[Items from a data source]
_ _ _

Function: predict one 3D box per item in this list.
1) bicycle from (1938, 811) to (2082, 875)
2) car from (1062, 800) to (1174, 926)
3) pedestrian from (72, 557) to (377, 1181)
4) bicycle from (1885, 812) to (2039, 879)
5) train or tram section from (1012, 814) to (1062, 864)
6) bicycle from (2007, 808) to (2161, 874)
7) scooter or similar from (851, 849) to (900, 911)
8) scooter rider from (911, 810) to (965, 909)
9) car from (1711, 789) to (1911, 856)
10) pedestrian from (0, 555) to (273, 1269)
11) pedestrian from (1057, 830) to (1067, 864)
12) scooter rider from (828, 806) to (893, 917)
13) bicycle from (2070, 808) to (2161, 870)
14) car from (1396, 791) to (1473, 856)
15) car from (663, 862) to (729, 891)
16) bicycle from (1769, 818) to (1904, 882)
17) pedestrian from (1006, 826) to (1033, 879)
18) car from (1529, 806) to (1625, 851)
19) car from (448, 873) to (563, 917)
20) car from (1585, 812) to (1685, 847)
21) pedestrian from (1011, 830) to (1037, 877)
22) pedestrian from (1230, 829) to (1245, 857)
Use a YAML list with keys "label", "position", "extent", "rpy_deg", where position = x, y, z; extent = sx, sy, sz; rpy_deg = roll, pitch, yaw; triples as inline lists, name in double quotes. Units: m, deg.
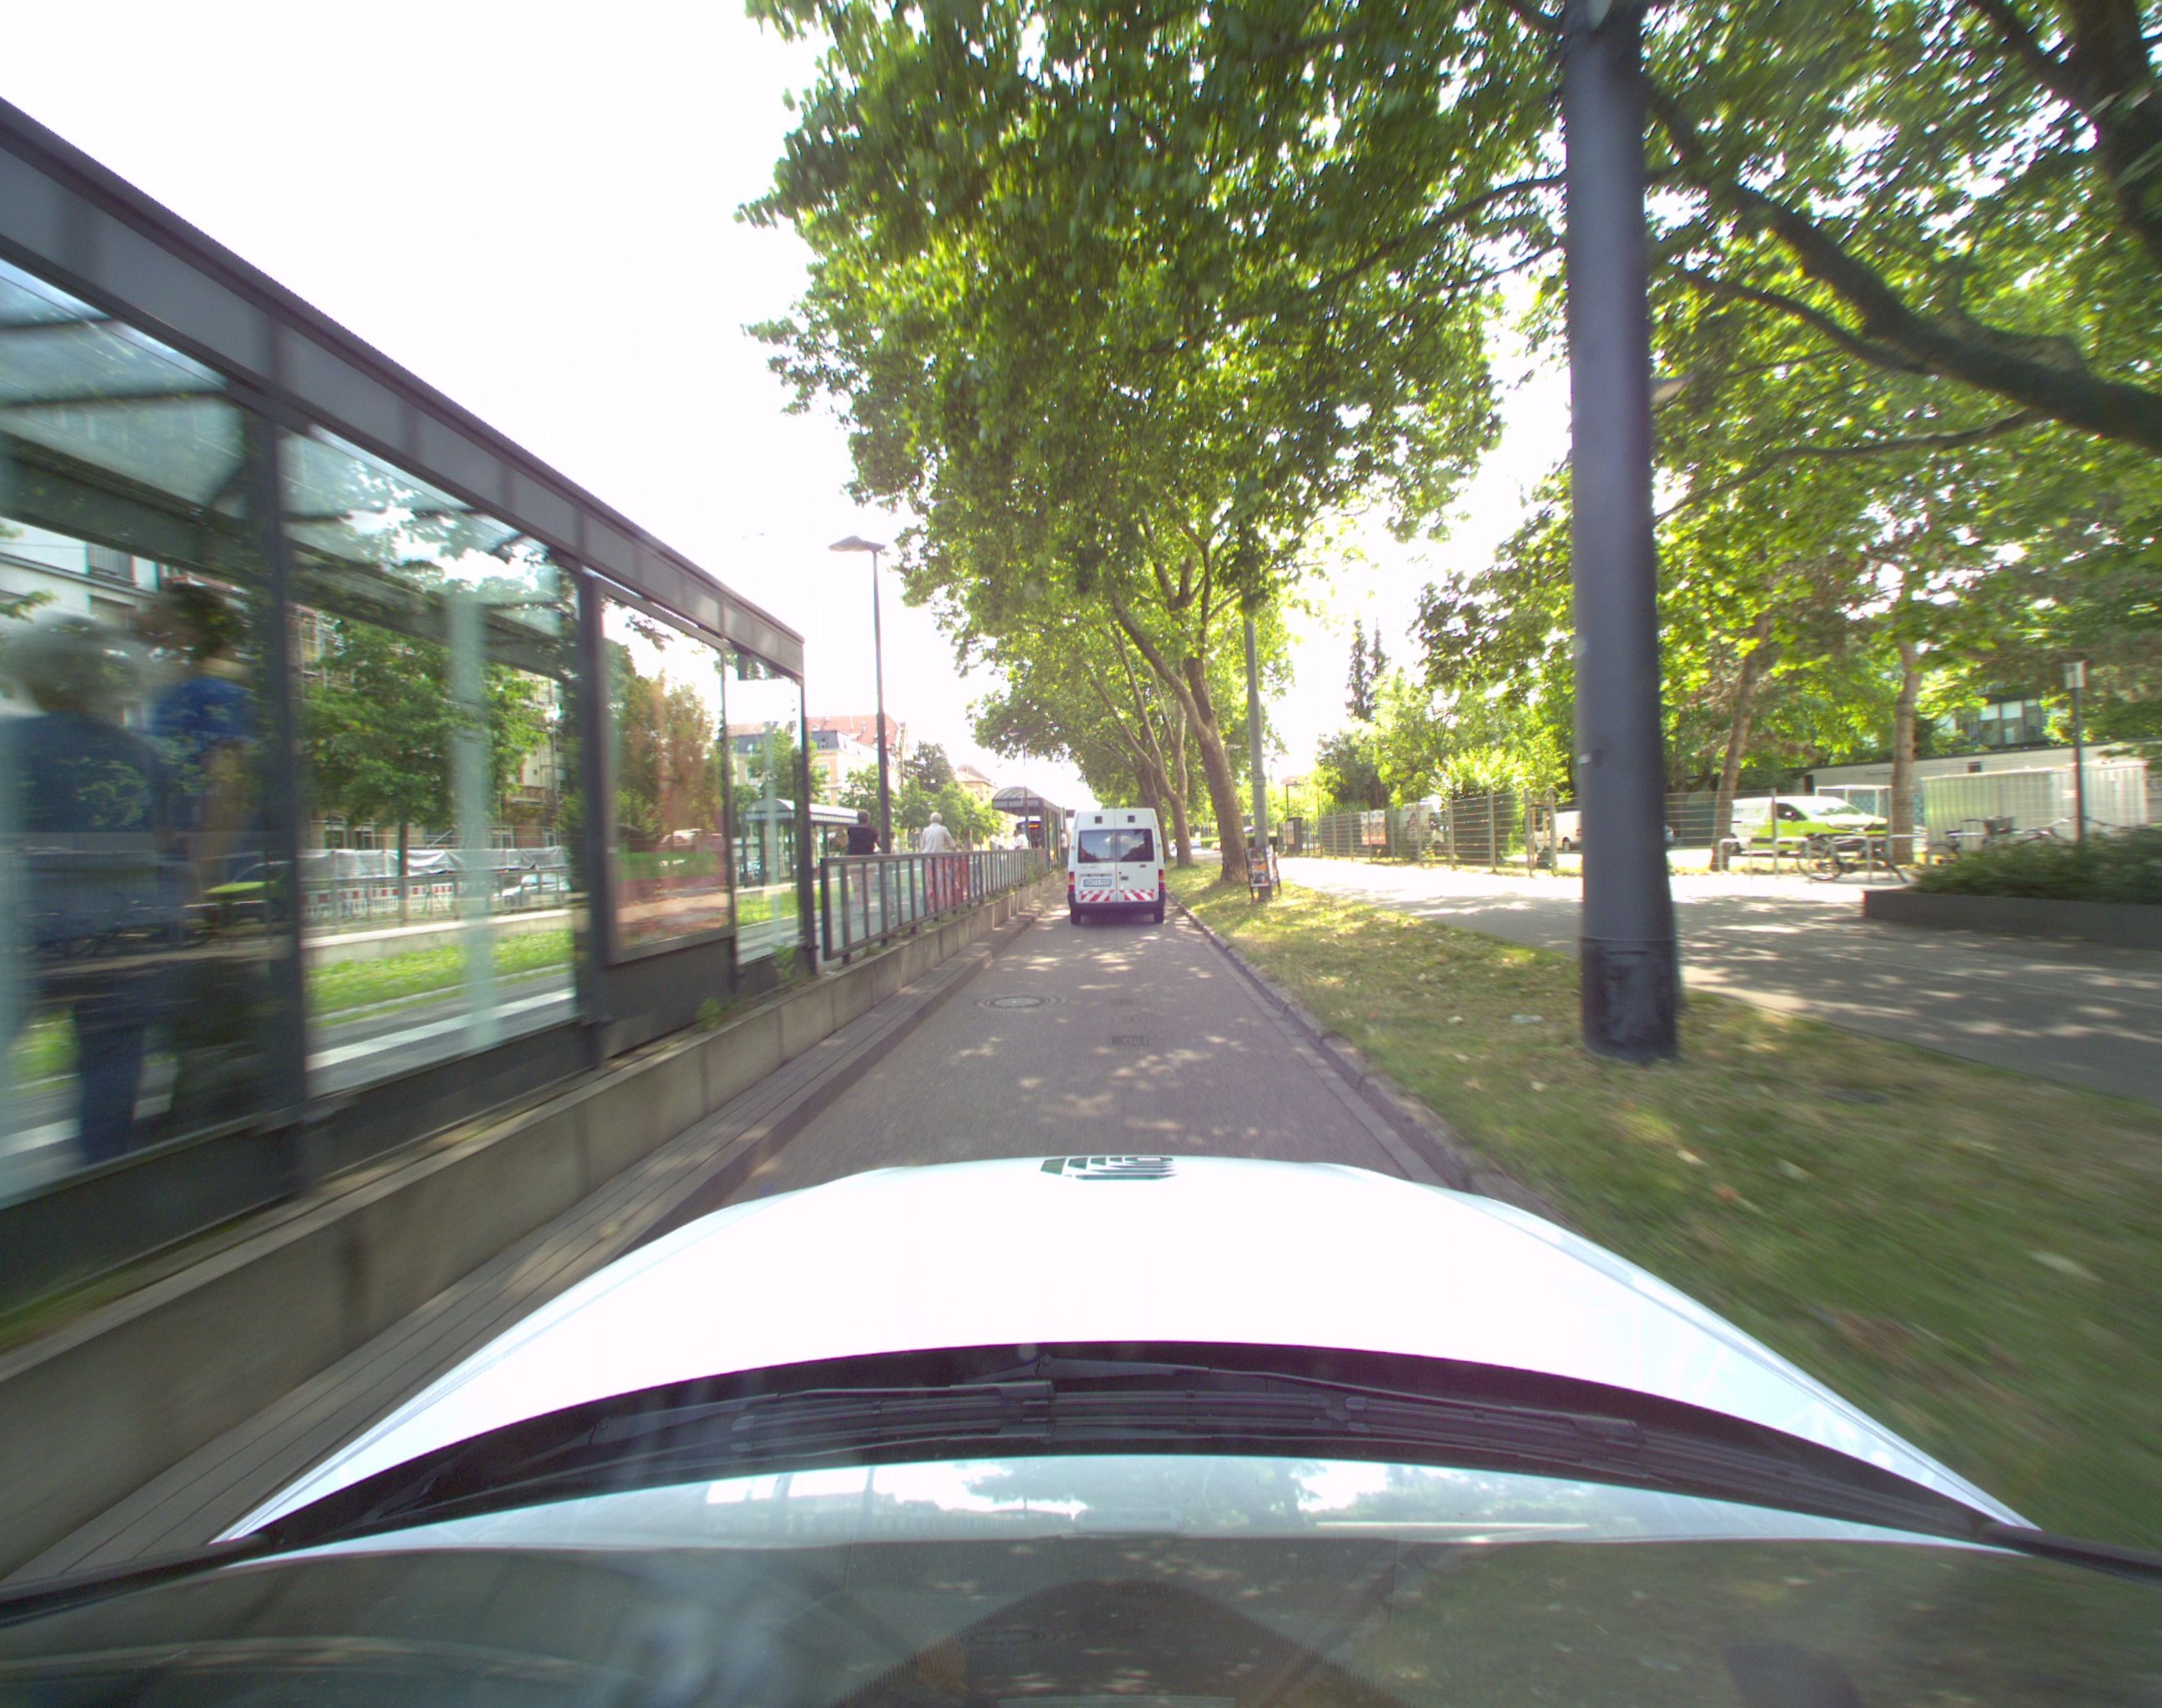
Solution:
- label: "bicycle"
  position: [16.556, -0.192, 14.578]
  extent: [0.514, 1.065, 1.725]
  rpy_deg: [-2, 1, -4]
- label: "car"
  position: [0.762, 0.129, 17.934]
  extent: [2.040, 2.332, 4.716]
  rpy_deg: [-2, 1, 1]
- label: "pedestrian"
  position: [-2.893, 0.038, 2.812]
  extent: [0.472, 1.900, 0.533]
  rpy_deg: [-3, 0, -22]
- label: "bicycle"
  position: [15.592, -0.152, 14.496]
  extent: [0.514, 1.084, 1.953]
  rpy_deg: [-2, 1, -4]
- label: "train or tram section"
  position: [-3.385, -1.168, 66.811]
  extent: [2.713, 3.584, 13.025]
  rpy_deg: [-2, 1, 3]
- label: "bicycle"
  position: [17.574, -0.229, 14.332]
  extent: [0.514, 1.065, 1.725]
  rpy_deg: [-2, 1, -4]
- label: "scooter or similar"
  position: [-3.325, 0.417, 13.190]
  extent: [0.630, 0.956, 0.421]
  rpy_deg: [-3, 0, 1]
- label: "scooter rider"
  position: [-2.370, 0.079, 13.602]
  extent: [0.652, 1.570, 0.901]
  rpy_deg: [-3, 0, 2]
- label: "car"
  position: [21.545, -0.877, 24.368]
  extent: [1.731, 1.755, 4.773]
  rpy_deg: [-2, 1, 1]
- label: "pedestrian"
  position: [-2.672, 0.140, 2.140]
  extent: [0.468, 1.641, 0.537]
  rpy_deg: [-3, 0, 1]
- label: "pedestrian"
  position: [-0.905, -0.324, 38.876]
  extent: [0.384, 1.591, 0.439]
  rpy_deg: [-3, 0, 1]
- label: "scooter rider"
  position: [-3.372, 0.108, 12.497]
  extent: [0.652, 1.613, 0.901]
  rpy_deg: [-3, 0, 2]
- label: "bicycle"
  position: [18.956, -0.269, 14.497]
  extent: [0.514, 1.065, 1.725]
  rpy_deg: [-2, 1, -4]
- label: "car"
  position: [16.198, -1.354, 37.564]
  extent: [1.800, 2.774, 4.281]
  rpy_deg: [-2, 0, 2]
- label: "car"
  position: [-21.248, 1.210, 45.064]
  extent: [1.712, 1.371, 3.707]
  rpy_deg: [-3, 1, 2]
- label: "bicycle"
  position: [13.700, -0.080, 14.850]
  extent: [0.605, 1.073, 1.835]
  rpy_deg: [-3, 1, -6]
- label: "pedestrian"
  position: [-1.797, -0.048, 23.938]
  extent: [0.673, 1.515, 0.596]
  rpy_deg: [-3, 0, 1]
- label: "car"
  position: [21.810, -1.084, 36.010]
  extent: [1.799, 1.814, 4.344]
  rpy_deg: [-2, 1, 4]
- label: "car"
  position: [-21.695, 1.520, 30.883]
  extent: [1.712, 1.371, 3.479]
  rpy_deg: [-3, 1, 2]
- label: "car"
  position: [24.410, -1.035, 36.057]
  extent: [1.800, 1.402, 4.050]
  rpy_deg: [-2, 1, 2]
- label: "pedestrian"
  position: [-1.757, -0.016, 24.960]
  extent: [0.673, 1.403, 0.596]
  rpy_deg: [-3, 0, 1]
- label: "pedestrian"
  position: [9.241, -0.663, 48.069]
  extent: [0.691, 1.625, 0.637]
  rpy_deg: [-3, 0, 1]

_ _ _

▶ WHAT NEEDS TO BE DONE
Of the entries above, transcribe exactly those lines that fall between the line containing "6) bicycle from (2007, 808) to (2161, 874)" and the line containing "Use a YAML list", together with those two lines.

▶ TASK SOLUTION
6) bicycle from (2007, 808) to (2161, 874)
7) scooter or similar from (851, 849) to (900, 911)
8) scooter rider from (911, 810) to (965, 909)
9) car from (1711, 789) to (1911, 856)
10) pedestrian from (0, 555) to (273, 1269)
11) pedestrian from (1057, 830) to (1067, 864)
12) scooter rider from (828, 806) to (893, 917)
13) bicycle from (2070, 808) to (2161, 870)
14) car from (1396, 791) to (1473, 856)
15) car from (663, 862) to (729, 891)
16) bicycle from (1769, 818) to (1904, 882)
17) pedestrian from (1006, 826) to (1033, 879)
18) car from (1529, 806) to (1625, 851)
19) car from (448, 873) to (563, 917)
20) car from (1585, 812) to (1685, 847)
21) pedestrian from (1011, 830) to (1037, 877)
22) pedestrian from (1230, 829) to (1245, 857)
Use a YAML list with keys "label", "position", "extent", "rpy_deg", where position = x, y, z; extent = sx, sy, sz; rpy_deg = roll, pitch, yaw; triples as inline lists, name in double quotes. Units: m, deg.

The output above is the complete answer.